(Listed records):
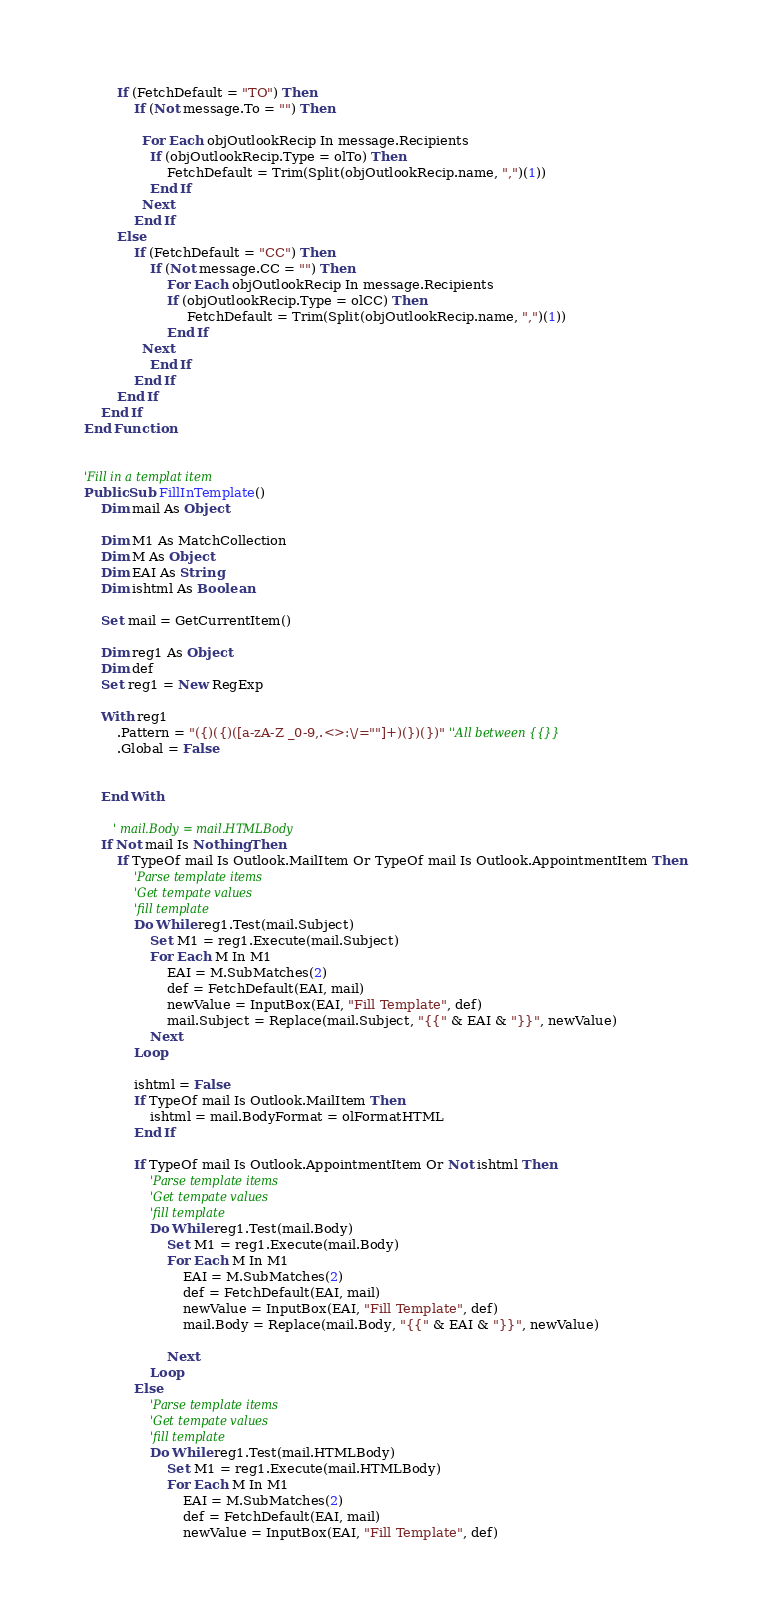<code> <loc_0><loc_0><loc_500><loc_500><_VisualBasic_>        If (FetchDefault = "TO") Then
            If (Not message.To = "") Then
            
              For Each objOutlookRecip In message.Recipients
                If (objOutlookRecip.Type = olTo) Then
                    FetchDefault = Trim(Split(objOutlookRecip.name, ",")(1))
                End If
              Next
            End If
        Else
            If (FetchDefault = "CC") Then
                If (Not message.CC = "") Then
                    For Each objOutlookRecip In message.Recipients
                    If (objOutlookRecip.Type = olCC) Then
                         FetchDefault = Trim(Split(objOutlookRecip.name, ",")(1))
                    End If
              Next
                End If
            End If
        End If
    End If
End Function


'Fill in a templat item
Public Sub FillInTemplate()
    Dim mail As Object
    
    Dim M1 As MatchCollection
    Dim M As Object
    Dim EAI As String
    Dim ishtml As Boolean
    
    Set mail = GetCurrentItem()
    
    Dim reg1 As Object
    Dim def
    Set reg1 = New RegExp

    With reg1
        .Pattern = "({)({)([a-zA-Z _0-9,.<>:\/=""]+)(})(})" ''All between {{}}
        .Global = False
        
        
    End With
        
       ' mail.Body = mail.HTMLBody
    If Not mail Is Nothing Then
        If TypeOf mail Is Outlook.MailItem Or TypeOf mail Is Outlook.AppointmentItem Then
            'Parse template items
            'Get tempate values
            'fill template
            Do While reg1.Test(mail.Subject)
                Set M1 = reg1.Execute(mail.Subject)
                For Each M In M1
                    EAI = M.SubMatches(2)
                    def = FetchDefault(EAI, mail)
                    newValue = InputBox(EAI, "Fill Template", def)
                    mail.Subject = Replace(mail.Subject, "{{" & EAI & "}}", newValue)
                Next
            Loop
            
            ishtml = False
            If TypeOf mail Is Outlook.MailItem Then
                ishtml = mail.BodyFormat = olFormatHTML
            End If
            
            If TypeOf mail Is Outlook.AppointmentItem Or Not ishtml Then
                'Parse template items
                'Get tempate values
                'fill template
                Do While reg1.Test(mail.Body)
                    Set M1 = reg1.Execute(mail.Body)
                    For Each M In M1
                        EAI = M.SubMatches(2)
                        def = FetchDefault(EAI, mail)
                        newValue = InputBox(EAI, "Fill Template", def)
                        mail.Body = Replace(mail.Body, "{{" & EAI & "}}", newValue)

                    Next
                Loop
            Else
                'Parse template items
                'Get tempate values
                'fill template
                Do While reg1.Test(mail.HTMLBody)
                    Set M1 = reg1.Execute(mail.HTMLBody)
                    For Each M In M1
                        EAI = M.SubMatches(2)
                        def = FetchDefault(EAI, mail)
                        newValue = InputBox(EAI, "Fill Template", def)</code>

(Task requirements): Only lines holding the word "HTMLBody" are wanted; copy each one from the listing.

(Answer for this exercise):
       ' mail.Body = mail.HTMLBody
                Do While reg1.Test(mail.HTMLBody)
                    Set M1 = reg1.Execute(mail.HTMLBody)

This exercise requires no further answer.